- **EXERCISE BRIEF**
Your answer should show every line of the material below that includes "relation".
Start of SUPPLIED INFORMATION
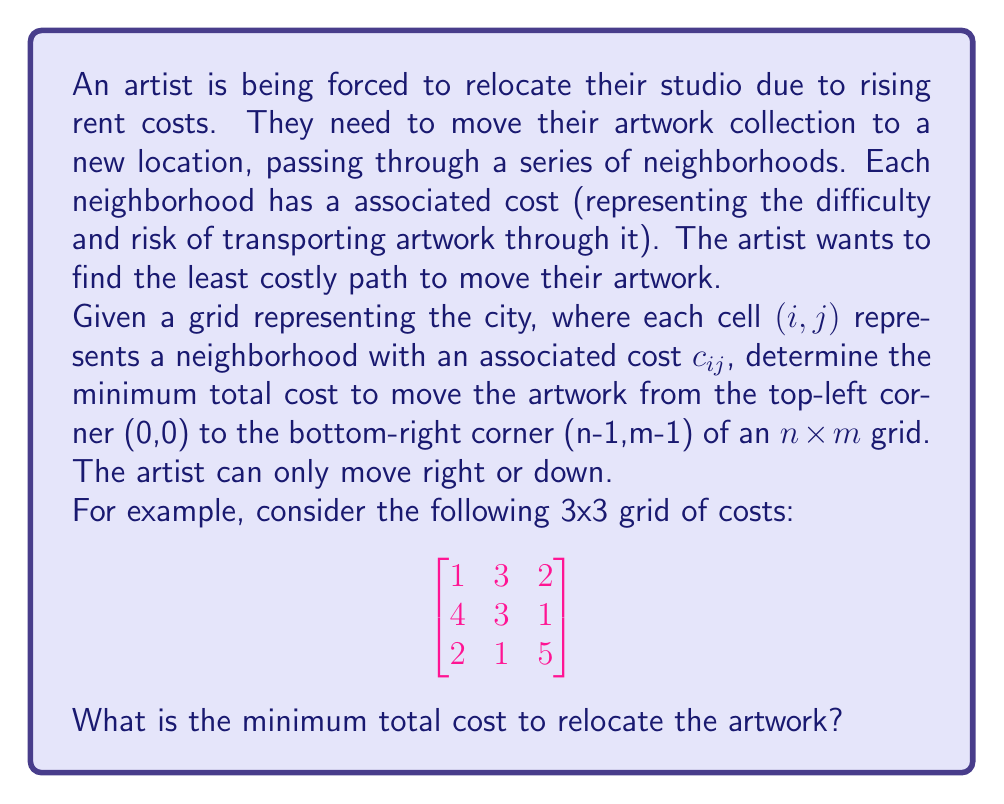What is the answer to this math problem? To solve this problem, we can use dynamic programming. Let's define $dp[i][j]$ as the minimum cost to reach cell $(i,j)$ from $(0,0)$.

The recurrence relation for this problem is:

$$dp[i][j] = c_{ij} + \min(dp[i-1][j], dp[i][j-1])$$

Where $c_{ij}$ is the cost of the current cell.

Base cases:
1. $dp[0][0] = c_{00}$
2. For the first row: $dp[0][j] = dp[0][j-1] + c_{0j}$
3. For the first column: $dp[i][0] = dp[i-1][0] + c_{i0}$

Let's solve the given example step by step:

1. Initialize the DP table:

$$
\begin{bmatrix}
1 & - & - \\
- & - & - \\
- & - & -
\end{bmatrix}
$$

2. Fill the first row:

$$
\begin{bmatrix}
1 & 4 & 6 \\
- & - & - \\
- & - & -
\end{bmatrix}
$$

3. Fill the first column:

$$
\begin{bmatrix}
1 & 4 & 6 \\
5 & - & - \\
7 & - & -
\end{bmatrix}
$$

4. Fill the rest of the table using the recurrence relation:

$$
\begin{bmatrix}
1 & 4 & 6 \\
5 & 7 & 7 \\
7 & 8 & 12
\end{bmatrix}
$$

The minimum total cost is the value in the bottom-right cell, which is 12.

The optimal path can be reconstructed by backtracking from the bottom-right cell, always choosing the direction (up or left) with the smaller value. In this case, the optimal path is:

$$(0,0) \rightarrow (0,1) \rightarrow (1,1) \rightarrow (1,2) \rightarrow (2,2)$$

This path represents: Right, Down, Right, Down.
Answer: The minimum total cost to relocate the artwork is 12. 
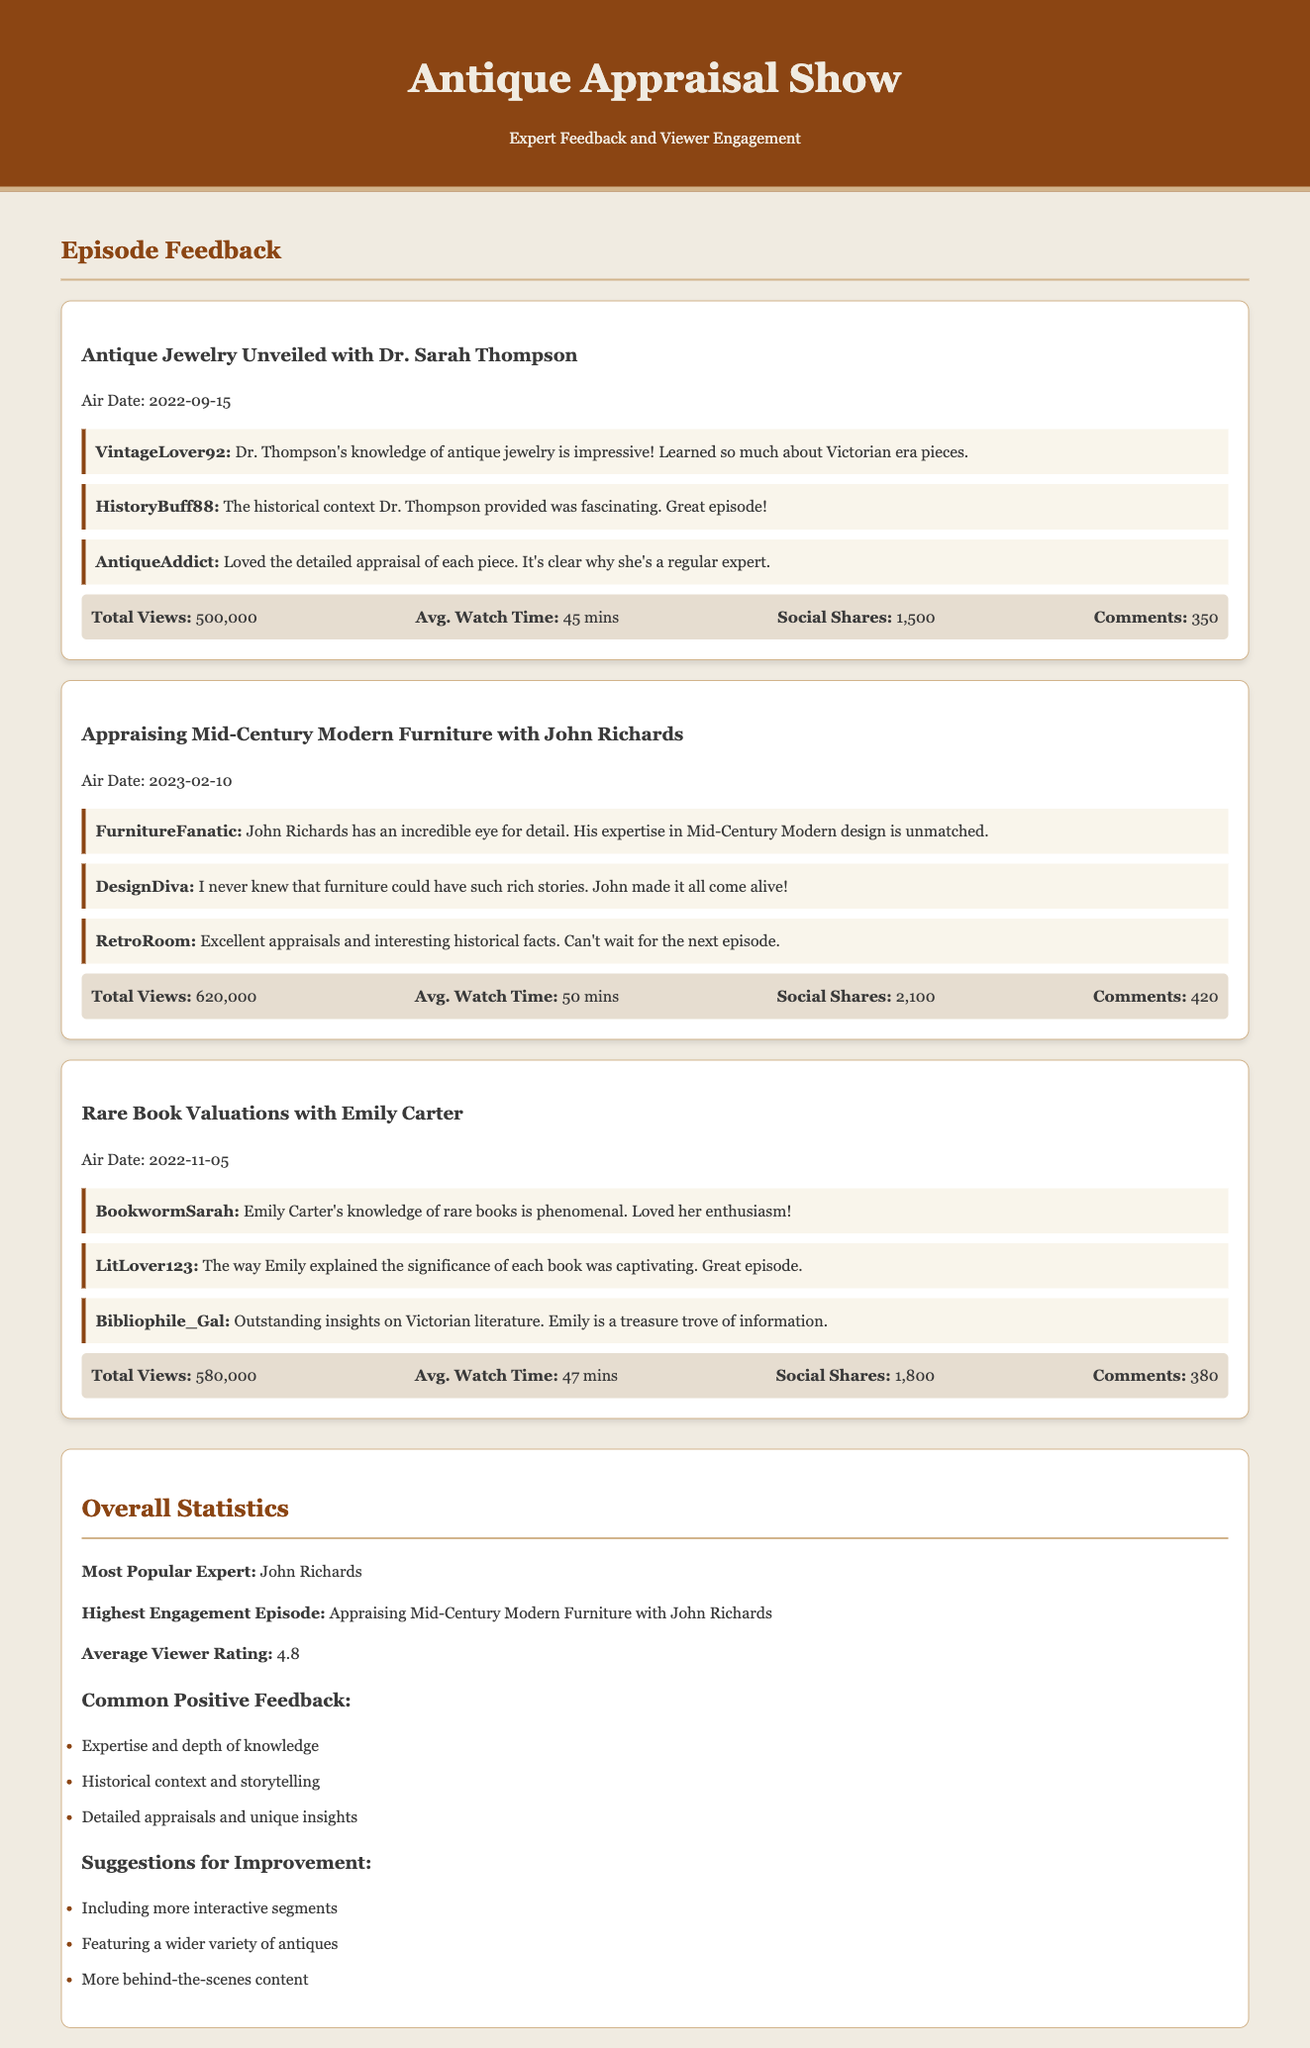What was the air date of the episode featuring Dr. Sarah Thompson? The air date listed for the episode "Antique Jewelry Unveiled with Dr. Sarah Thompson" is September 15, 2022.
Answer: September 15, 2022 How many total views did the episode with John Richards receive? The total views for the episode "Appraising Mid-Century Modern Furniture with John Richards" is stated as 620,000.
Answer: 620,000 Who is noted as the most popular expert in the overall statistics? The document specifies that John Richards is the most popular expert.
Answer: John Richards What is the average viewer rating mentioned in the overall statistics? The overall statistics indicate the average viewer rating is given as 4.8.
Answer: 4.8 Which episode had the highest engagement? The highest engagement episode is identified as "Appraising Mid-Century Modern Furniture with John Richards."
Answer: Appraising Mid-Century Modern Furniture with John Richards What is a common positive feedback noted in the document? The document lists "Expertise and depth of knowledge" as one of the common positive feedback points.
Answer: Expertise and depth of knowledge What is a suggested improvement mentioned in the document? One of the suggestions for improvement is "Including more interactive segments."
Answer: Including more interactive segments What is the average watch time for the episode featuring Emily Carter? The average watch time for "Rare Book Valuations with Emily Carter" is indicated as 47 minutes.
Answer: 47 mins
End of SUPPLIED INFORMATION
Start of SUPPLIED INFORMATION
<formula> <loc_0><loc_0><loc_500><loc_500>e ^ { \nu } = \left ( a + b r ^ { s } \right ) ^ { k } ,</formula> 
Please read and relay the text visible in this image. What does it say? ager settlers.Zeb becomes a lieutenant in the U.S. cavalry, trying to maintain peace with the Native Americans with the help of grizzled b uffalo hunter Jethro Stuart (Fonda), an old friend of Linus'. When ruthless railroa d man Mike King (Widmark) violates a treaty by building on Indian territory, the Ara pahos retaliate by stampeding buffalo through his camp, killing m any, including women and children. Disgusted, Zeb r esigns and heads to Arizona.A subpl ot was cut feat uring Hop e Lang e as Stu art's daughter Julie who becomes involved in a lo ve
End of SUPPLIED INFORMATION
- **ANSWER BELOW**
The recurrence relation for this problem is:
4. Fill the rest of the table using the recurrence relation:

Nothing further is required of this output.